• [Work task]
Starting with the line that contains "9. box (316,215,403,322)" and stopping after the line that contains "13. soccer cleat (232,119,306,195)", return each line below exactly as written, with no others.

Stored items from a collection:
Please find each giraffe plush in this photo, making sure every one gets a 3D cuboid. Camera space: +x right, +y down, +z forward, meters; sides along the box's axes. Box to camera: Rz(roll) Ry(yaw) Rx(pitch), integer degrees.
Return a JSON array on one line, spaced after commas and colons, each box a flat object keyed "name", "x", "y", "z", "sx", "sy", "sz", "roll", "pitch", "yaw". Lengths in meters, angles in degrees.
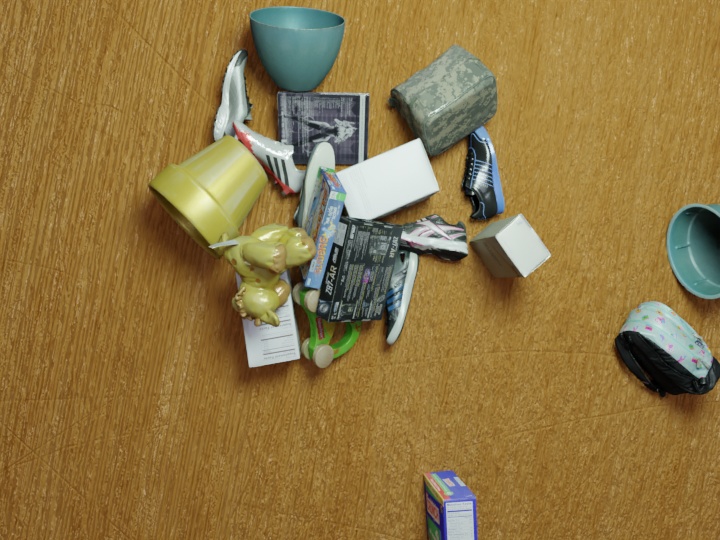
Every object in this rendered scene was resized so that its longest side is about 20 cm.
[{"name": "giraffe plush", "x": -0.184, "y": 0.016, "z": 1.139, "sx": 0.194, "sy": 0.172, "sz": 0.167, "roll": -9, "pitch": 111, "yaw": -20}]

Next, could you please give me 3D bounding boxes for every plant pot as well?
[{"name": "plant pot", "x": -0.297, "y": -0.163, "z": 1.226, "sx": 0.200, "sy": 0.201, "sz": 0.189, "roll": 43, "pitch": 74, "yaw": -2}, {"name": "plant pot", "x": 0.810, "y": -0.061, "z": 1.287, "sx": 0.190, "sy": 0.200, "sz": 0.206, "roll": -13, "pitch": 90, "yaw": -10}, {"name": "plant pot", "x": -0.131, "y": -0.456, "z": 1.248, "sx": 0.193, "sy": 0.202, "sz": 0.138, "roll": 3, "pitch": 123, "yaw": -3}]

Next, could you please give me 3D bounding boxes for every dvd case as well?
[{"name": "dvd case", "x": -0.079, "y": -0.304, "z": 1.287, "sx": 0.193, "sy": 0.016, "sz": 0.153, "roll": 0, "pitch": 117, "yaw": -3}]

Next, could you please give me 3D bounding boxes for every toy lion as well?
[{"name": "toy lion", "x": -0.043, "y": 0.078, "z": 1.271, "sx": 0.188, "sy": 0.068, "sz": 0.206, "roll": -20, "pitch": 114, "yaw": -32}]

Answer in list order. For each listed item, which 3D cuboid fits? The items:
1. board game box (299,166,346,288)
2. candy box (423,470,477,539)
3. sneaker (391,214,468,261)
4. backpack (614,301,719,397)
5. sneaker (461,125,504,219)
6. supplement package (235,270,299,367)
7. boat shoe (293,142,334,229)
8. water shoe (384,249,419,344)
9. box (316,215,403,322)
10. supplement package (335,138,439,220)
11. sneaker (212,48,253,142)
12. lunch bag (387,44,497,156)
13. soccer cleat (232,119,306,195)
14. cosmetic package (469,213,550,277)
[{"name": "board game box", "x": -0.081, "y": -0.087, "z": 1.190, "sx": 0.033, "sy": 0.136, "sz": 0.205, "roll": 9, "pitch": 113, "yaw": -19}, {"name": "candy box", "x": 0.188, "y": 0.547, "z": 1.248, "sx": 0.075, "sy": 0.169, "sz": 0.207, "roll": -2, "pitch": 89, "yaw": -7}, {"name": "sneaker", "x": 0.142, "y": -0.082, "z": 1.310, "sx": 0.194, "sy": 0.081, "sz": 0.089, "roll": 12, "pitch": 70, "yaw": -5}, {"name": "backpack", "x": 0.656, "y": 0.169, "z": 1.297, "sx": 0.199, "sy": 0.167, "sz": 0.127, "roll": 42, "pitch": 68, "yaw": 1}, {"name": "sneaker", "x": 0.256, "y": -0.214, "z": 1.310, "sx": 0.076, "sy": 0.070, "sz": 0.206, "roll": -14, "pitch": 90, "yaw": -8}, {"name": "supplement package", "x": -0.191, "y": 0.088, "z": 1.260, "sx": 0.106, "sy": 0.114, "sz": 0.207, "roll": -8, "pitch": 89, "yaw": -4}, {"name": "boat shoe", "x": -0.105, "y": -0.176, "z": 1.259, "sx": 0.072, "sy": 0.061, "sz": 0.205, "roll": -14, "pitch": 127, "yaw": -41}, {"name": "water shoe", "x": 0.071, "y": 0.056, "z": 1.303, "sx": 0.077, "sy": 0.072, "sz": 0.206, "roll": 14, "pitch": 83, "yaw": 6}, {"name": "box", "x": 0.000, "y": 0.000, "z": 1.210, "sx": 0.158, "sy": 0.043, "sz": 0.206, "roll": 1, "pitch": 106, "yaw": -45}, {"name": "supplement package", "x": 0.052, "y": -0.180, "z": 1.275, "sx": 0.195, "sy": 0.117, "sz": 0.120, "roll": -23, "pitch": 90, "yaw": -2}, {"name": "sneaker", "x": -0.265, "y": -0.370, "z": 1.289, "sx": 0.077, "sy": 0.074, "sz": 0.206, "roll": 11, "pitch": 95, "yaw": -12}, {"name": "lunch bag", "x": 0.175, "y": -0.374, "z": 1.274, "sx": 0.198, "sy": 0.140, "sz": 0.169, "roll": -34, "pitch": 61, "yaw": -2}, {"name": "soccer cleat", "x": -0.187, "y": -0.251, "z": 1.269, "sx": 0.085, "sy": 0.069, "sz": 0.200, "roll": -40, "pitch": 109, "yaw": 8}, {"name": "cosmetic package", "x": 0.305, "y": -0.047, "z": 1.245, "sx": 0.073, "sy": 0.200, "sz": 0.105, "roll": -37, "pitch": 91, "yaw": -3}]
---
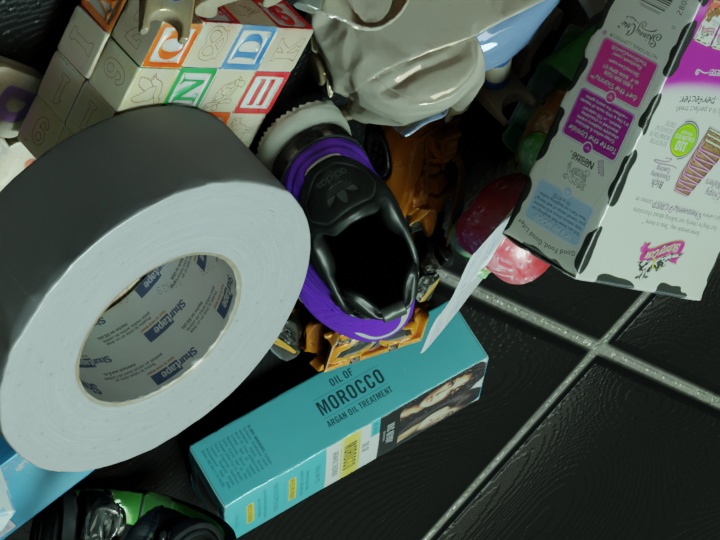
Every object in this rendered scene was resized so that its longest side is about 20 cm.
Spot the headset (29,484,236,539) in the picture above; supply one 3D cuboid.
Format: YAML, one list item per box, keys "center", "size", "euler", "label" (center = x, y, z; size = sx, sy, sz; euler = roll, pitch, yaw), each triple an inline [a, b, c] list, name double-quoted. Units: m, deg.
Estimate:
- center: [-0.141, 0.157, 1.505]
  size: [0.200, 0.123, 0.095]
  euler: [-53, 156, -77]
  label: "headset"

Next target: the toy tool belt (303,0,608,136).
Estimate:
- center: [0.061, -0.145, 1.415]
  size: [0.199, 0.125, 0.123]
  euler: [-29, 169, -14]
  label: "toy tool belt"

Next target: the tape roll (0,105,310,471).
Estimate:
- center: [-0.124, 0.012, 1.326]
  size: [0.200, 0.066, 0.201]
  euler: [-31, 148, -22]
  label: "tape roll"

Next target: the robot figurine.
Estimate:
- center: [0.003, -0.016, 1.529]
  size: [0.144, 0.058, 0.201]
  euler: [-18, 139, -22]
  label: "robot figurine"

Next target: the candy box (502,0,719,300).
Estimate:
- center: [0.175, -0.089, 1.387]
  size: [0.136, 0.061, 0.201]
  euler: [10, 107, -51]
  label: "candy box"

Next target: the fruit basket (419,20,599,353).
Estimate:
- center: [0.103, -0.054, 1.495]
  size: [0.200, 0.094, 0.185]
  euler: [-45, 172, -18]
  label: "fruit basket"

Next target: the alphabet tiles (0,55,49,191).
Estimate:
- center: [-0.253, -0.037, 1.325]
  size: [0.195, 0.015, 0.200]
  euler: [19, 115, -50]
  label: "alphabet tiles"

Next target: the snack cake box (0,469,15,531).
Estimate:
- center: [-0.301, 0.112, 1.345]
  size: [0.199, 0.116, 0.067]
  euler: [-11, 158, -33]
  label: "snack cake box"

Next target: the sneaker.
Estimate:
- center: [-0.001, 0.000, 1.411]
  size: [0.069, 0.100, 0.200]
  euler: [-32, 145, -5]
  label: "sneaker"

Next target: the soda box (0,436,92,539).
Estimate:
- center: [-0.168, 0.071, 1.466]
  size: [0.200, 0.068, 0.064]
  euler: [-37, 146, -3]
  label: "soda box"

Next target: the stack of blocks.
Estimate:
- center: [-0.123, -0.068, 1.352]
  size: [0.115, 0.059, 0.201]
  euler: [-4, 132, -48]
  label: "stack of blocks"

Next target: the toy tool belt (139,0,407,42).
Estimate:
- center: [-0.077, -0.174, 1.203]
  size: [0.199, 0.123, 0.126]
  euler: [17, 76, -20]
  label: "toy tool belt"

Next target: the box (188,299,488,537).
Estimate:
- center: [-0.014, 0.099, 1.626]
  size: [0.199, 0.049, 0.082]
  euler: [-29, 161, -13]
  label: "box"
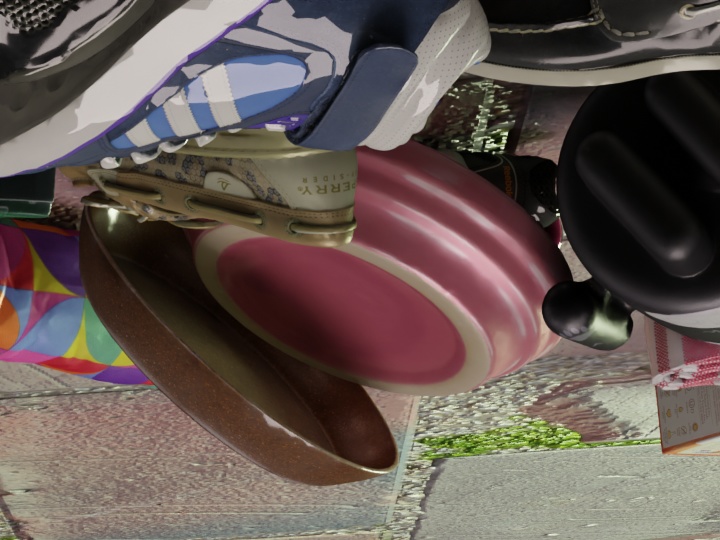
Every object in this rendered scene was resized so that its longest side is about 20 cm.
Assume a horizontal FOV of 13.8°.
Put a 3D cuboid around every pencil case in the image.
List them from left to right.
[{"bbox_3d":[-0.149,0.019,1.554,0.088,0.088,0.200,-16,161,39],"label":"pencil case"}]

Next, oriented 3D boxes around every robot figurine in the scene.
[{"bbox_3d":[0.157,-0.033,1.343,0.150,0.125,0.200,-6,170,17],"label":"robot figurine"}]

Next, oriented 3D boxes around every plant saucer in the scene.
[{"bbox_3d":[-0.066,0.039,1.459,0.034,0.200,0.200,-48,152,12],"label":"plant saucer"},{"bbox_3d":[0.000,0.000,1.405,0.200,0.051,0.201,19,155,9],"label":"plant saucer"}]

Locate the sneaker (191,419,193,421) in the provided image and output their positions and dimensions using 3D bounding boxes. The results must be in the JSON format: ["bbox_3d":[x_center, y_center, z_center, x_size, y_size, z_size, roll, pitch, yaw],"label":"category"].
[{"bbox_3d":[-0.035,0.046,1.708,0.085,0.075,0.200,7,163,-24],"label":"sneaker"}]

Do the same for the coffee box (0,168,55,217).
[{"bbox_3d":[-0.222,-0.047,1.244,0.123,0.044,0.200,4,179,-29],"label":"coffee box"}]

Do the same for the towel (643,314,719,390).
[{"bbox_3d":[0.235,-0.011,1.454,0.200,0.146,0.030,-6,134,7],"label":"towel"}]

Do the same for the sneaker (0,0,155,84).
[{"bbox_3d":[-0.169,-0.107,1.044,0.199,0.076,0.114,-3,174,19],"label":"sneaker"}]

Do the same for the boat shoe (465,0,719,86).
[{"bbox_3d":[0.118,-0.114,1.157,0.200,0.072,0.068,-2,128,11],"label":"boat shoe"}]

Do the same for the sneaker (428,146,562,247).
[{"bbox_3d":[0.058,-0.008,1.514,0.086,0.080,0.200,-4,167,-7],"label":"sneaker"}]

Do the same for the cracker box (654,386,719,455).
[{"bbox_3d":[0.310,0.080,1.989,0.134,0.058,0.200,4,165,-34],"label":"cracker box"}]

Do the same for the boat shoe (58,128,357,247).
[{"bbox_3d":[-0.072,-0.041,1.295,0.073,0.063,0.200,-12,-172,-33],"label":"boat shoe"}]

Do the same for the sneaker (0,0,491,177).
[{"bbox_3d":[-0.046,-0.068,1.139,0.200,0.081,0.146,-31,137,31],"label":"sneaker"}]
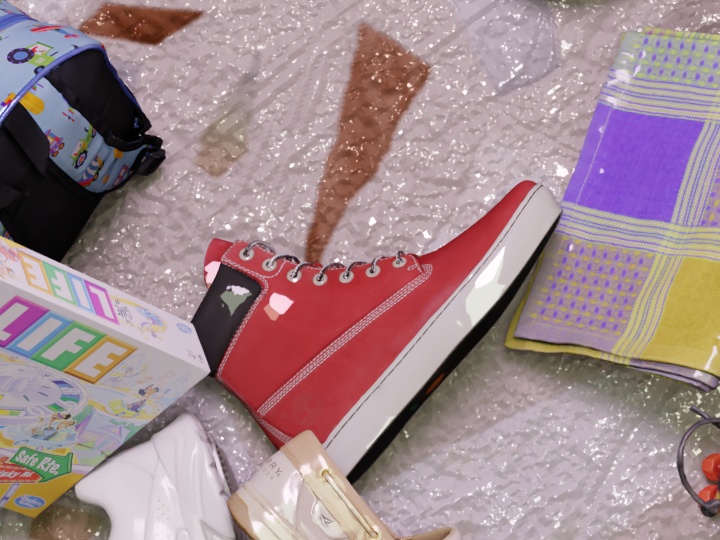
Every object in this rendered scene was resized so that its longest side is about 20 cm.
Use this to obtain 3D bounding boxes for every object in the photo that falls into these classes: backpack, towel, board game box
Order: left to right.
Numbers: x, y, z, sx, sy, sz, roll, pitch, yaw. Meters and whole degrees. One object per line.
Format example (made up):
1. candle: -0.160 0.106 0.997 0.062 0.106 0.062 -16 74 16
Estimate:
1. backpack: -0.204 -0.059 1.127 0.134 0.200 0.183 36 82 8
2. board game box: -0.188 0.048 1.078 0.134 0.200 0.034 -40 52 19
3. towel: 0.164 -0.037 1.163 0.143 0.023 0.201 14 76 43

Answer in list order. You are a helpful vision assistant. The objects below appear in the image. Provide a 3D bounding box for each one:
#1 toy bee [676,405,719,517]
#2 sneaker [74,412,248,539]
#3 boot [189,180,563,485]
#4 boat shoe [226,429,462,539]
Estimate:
* * *
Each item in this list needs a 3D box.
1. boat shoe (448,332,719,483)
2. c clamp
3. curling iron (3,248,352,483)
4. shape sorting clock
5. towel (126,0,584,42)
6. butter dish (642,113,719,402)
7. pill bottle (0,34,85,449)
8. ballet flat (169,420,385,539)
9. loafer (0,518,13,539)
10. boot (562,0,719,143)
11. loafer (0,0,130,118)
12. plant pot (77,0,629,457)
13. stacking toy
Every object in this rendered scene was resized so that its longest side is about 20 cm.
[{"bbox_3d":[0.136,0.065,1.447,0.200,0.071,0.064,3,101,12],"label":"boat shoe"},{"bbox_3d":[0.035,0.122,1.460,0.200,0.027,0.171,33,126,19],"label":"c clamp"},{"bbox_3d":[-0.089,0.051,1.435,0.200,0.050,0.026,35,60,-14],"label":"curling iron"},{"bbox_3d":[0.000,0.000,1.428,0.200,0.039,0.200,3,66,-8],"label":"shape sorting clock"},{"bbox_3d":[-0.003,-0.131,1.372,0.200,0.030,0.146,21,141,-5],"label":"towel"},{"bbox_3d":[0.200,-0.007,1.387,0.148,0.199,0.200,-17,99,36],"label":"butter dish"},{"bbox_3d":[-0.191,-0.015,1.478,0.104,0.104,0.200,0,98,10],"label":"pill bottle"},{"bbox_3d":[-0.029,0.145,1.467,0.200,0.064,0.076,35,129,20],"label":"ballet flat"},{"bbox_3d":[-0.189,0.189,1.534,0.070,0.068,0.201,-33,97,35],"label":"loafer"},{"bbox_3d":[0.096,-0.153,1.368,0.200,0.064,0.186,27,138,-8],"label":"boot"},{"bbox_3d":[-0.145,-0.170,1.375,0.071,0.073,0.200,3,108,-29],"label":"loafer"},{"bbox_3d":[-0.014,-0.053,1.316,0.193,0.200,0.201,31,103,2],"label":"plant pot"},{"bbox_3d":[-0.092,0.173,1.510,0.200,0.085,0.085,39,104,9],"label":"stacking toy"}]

• [Answer section]
9. box (316,215,403,322)
10. supplement package (335,138,439,220)
11. sneaker (212,48,253,142)
12. lunch bag (387,44,497,156)
13. soccer cleat (232,119,306,195)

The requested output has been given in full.